- _EXERCISE INSTRUCTIONS_: Exactly as written, copy the lines that run from the start of the data below to the line containing "1. teapot: 0.102", both ends included.

- _Recorded data_:
● ● ● ● ● ● ●

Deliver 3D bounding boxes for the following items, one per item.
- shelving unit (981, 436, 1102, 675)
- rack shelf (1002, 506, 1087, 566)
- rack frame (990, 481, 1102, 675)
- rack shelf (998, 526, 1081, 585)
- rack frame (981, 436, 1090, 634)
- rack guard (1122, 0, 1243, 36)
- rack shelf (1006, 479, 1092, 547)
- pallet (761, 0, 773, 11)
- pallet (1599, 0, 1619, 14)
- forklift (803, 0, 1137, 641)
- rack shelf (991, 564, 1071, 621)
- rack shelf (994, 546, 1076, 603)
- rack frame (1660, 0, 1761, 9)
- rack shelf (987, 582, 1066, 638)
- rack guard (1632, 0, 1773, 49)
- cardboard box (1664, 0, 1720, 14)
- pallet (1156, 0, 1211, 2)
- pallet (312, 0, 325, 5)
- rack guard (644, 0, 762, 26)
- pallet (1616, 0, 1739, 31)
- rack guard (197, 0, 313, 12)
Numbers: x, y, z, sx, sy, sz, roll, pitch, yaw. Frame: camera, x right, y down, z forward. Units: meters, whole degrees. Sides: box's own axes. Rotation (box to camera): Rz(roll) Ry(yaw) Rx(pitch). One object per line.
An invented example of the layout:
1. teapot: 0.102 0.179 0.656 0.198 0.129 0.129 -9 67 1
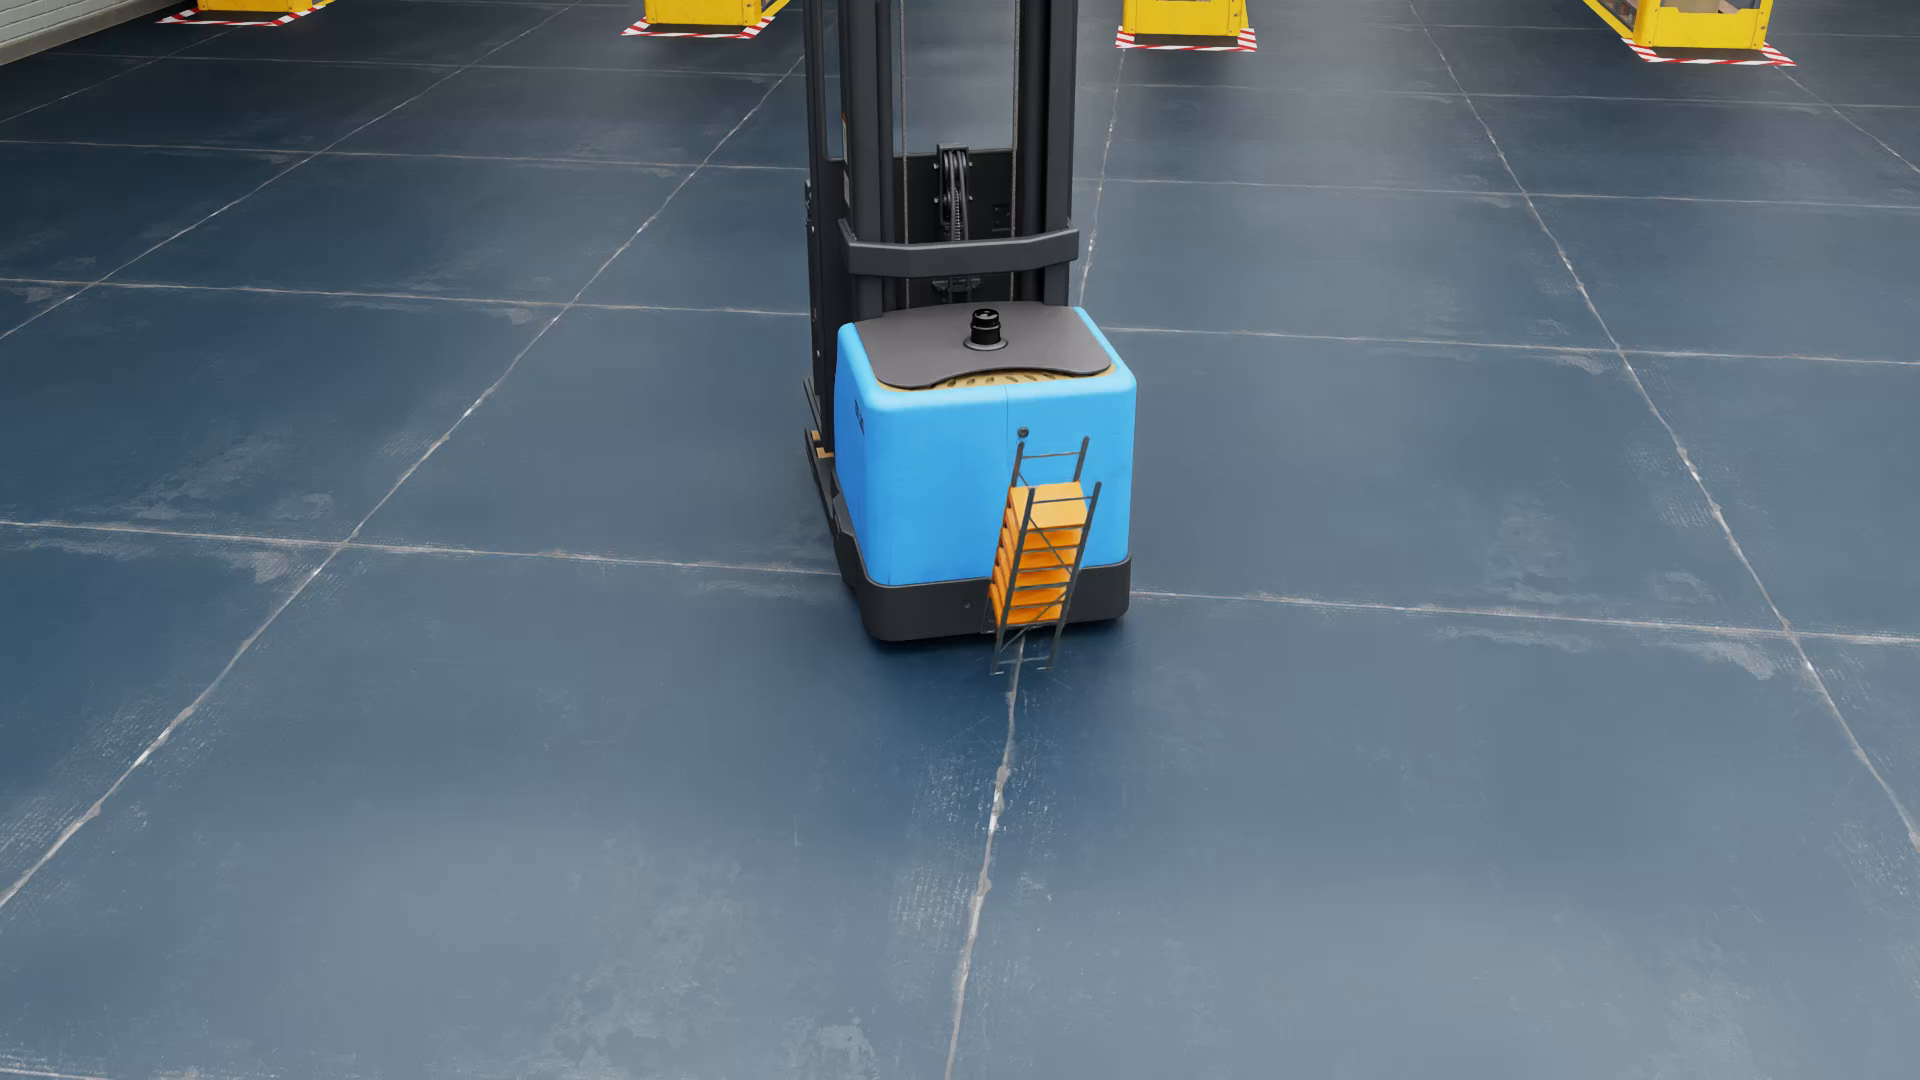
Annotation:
1. shelving unit: 0.269 0.086 5.876 0.258 1.200 0.189 -5 57 -10
2. rack shelf: 0.287 -0.024 5.715 0.258 0.103 0.180 -5 57 -10
3. rack frame: 0.285 0.161 5.826 0.240 1.200 0.006 -5 57 -10
4. rack shelf: 0.276 0.043 5.814 0.258 0.103 0.180 -5 57 -10
5. rack frame: 0.253 0.011 5.925 0.240 1.200 0.006 -5 57 -10
6. rack guard: 2.231 -5.354 16.660 1.175 0.500 0.348 3 28 6
7. rack shelf: 0.298 -0.092 5.617 0.258 0.103 0.180 -5 57 -10
8. pallet: -2.595 -5.840 17.867 1.003 0.211 1.213 3 28 6
9. pallet: 7.480 -5.889 17.958 1.003 0.211 1.213 3 28 6
10. forklift: -0.123 -1.581 7.095 1.130 2.935 3.031 -5 29 -10
11. rack shelf: 0.254 0.178 6.011 0.258 0.103 0.180 -5 57 -10
12. rack shelf: 0.265 0.111 5.912 0.258 0.103 0.180 -5 57 -10
13. rack frame: 7.184 -6.128 15.461 1.000 3.000 0.127 3 28 6
14. rack shelf: 0.243 0.246 6.109 0.258 0.103 0.180 -5 57 -10
15. rack guard: 7.193 -5.063 16.121 1.175 0.500 0.348 3 28 6
16. cardboard box: 7.277 -5.505 16.498 0.500 0.500 0.500 9 30 16
17. pallet: 2.336 -5.608 17.438 1.003 0.211 1.213 3 28 6
18. pallet: -7.420 -6.180 18.498 1.003 0.211 1.213 3 28 6
19. rack guard: -2.650 -5.593 17.105 1.175 0.500 0.348 3 28 6
20. pallet: 7.328 -5.316 16.895 1.003 0.211 1.213 3 28 6
21. rack guard: -7.555 -5.927 17.724 1.175 0.500 0.348 3 28 6

● ● ● ● ● ● ●

- _EXPECTED ANSWER_:
Deliver 3D bounding boxes for the following items, one per item.
- shelving unit (981, 436, 1102, 675)
- rack shelf (1002, 506, 1087, 566)
- rack frame (990, 481, 1102, 675)
- rack shelf (998, 526, 1081, 585)
- rack frame (981, 436, 1090, 634)
- rack guard (1122, 0, 1243, 36)
- rack shelf (1006, 479, 1092, 547)
- pallet (761, 0, 773, 11)
- pallet (1599, 0, 1619, 14)
- forklift (803, 0, 1137, 641)
- rack shelf (991, 564, 1071, 621)
- rack shelf (994, 546, 1076, 603)
- rack frame (1660, 0, 1761, 9)
- rack shelf (987, 582, 1066, 638)
- rack guard (1632, 0, 1773, 49)
- cardboard box (1664, 0, 1720, 14)
- pallet (1156, 0, 1211, 2)
- pallet (312, 0, 325, 5)
- rack guard (644, 0, 762, 26)
- pallet (1616, 0, 1739, 31)
- rack guard (197, 0, 313, 12)
Numbers: x, y, z, sx, sy, sz, roll, pitch, yaw. Frame: camera, x right, y down, z forward. Units: meters, whole degrees. Sides: box's own axes. Rotation (box to camera): Rz(roll) Ry(yaw) Rx(pitch). One object per line.
An invented example of the layout:
1. teapot: 0.102 0.179 0.656 0.198 0.129 0.129 -9 67 1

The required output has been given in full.